Six more weeks they waited, then gave up their companions for dead. Despair and depression were balanced by the need to find ways to stay alive. They moved to another island and built a substantial house using materials left over from an abandoned Maori settlement. They learned to capture and kill the wild pigs and goats that roamed the island and began domesticating them.
Life was maintained but it was monotonous and hard, rescue constantly in everyone’s mind. They prepared signal fires, used Cape hens as messenger birds, forced written pleas for help into seal bladders which were then inflated and set afloat. Scraps of wood were carved with information for potential rescuers and cast into the sea. They made small boats of wood and metal with sails of zinc on which was scratched:
“Ship General Grant wrecked on Auckland Isles 14 May, 1866; 10 survivors to date. Want relief.”
As autumn chilled the air even more their situation seemed hopeless, Sanguily recalled:
… we were sorely afflicted with scurvy, or, as whalers call it, “the cobbler”. The entire party was attacked, and it was only later that we realized how severely our ankle and knee joints were stiffened, and the flesh so swollen that the imprint of a finger would remain for an hour or more. We had heard that the remedy for scurvy was to bury a man all but the head. This we tried in several cases, but it did no good. In closing our mouths our teeth would, on meeting, project straight out, flattened against each other. General weakness and despondency, with a longing for vegetables, was our torment. Severe exercise seemed to be the only remedy. This was our most trying time.

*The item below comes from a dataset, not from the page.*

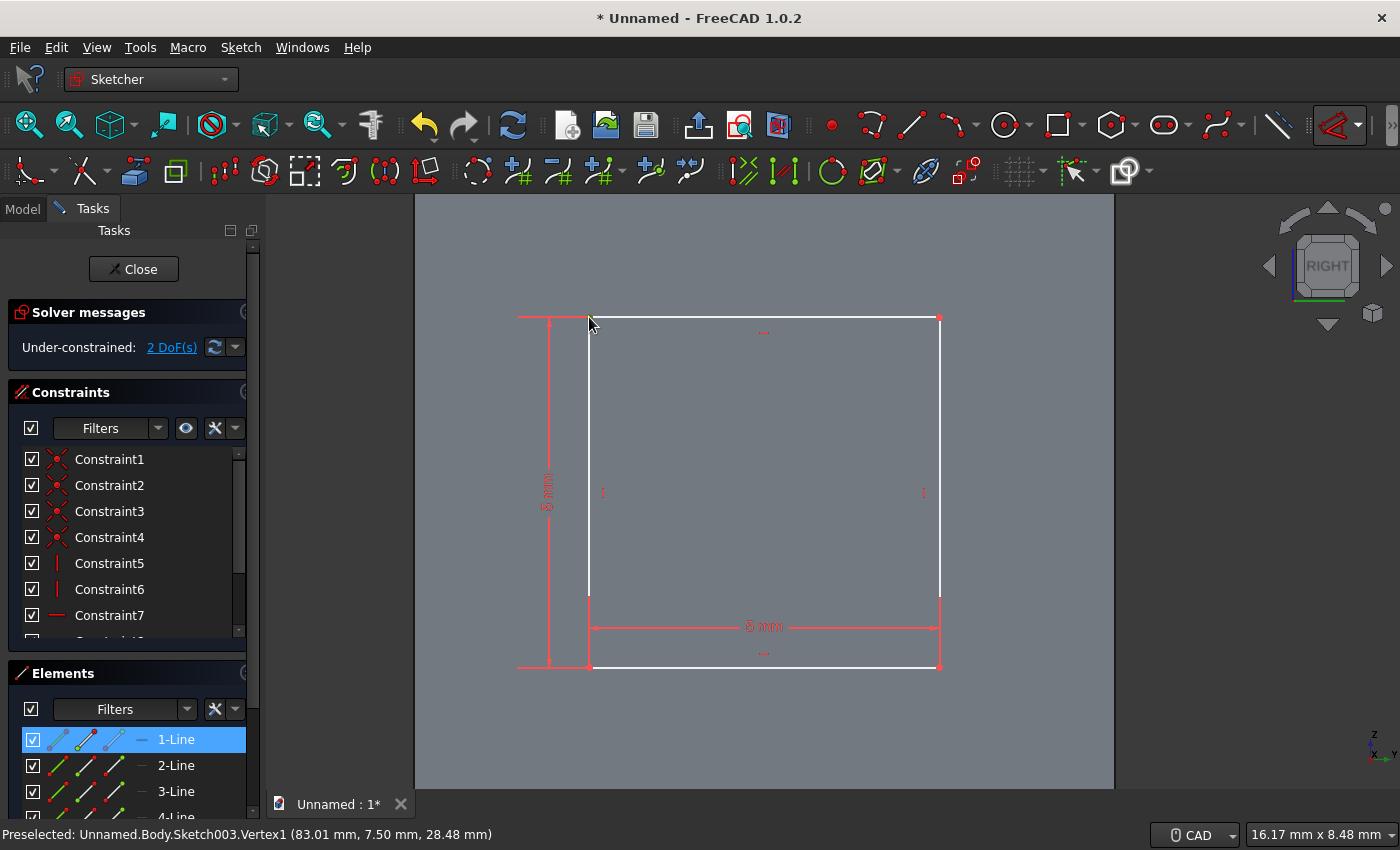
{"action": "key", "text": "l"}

David McClelland, the oldest member of the group, cut his hand on a scrap of copper. The hand became infected and he passed away: ‘All cripples, we bore him to his grave.’ Who would last the longest, they all wondered?
On November 19 a sail was seen. They rushed to light the signal fire but the ship passed without seeing the desperate and despondent survivors. But two days later another sail appeared. They manned their remaining boat and’ pulled with might and main’ for the brig Amherst.

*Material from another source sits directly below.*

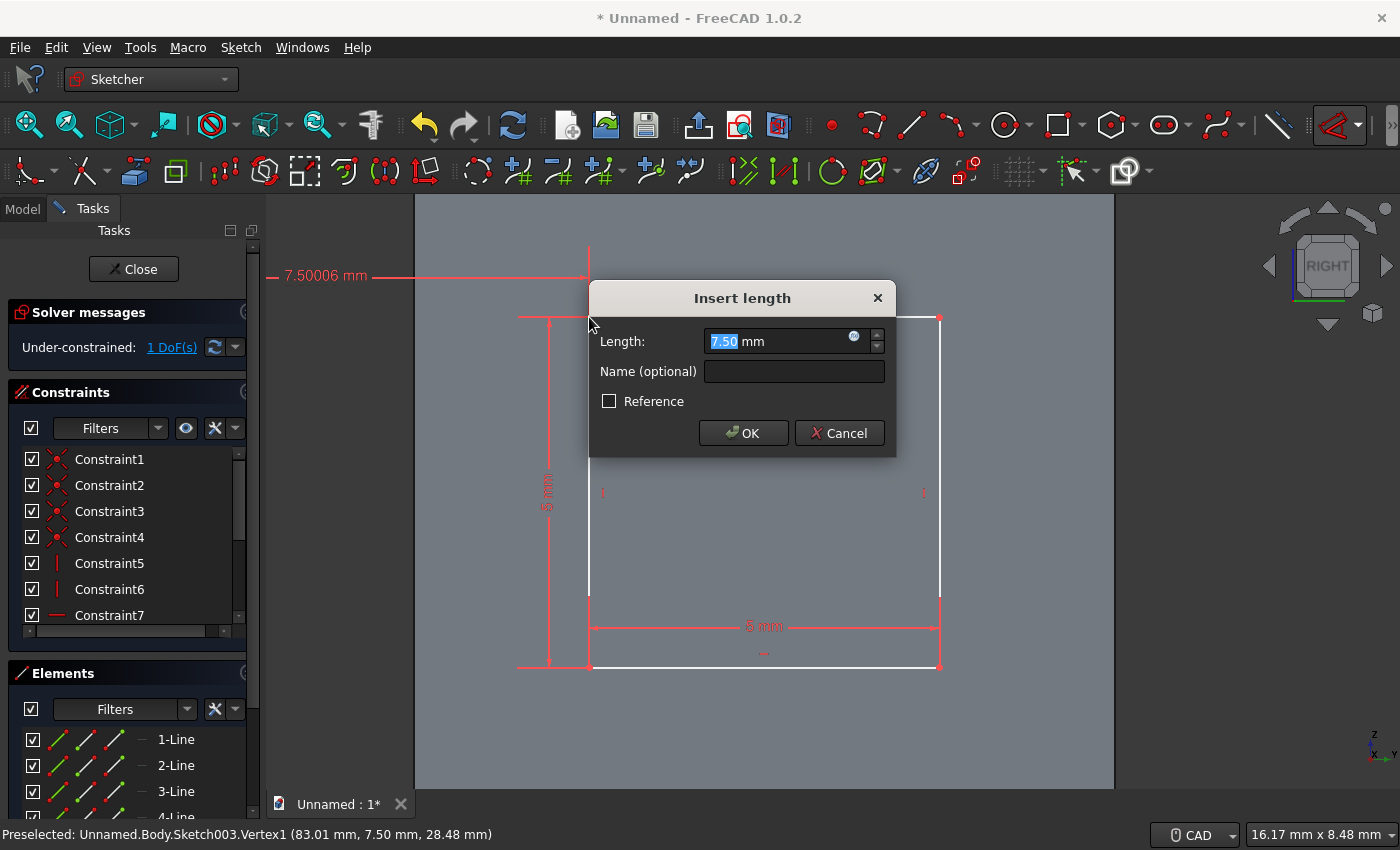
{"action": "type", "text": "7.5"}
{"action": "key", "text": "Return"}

The boat reached the strange vessel, and through our savage appearance at first alarmed the crew, they received us on board. Then were we made welcome to all they could spare. The Amherst, Captain Gilroy, of Invercarghill, manned by Maoris, and bound on a sealing voyage, was the means of our rescue. Captain Gilroy beat up between the islands and anchored off the huts. We were all taken aboard, and treated in the most hospitable manner. No Persian monarch ever enjoyed such a treat as we when tobacco and tea were set before us.
The survivors remained with the Amherst for two months and eventually landed at Invercargill in January 1868. A private subscription was taken to send the Amherst out in search of the boat launched with such high hopes a year before. The search failed. The men in her had made the wrong guess about the direction of New Zealand from Disappointment Island. They sailed west into thousands of kilometres of empty ocean and were never heard of again.
The nine survivors of the wreck moved on with their lives. Some of the gold sunk with the General Grant belonged to Joseph Jewell. His life was saved but his fortune lost. He eventually became a station master on the Victorian railways. Fortunately, Mary was able to make a great deal of money giving lectures about their survival epic. Her ordeal probably accounted for her inability to bear children. In later life they were able to become parents through a surrogate arrangement.
Patric Caughey returned to Ireland and went into the insurance industry. He was known as a storyteller, often regaling people with yarns of his adventures, whether they wanted to hear them or not.
‘Yankee Jack’ was from the eminent French-Cuban family of Sanguily Garrite. He returned to Boston to follow a less adventurous but safer career as a shop keeper, later marrying an Australian. He and his wife returned to Sydney where she gave birth to several children. William died in 1909.
Two months after the survivors of the General Grant were safely back in New Zealand, the first salvage attempt put to sea. Accompanying the expedition was James Teer. He led them to the ‘cave of death’ where the barque had gone down but the waves were too powerful. They failed to find the wreck, as did the next few attempts in 1870. The first of these was accompanied by another survivor, David Ashworth. He disappeared with five others lost in a whaleboat as they tried to find the fatal cave.
At least a further eight expeditions are known to have searched for the General Grant’s sunken gold. Coins, cannon balls and a range of miscellaneous artefacts have been recovered, probably from a number of the ships wrecked on these bleak islands. But no one has come across 4000 ounces of gold and despite all these attempts, the General Grant herself has not been located.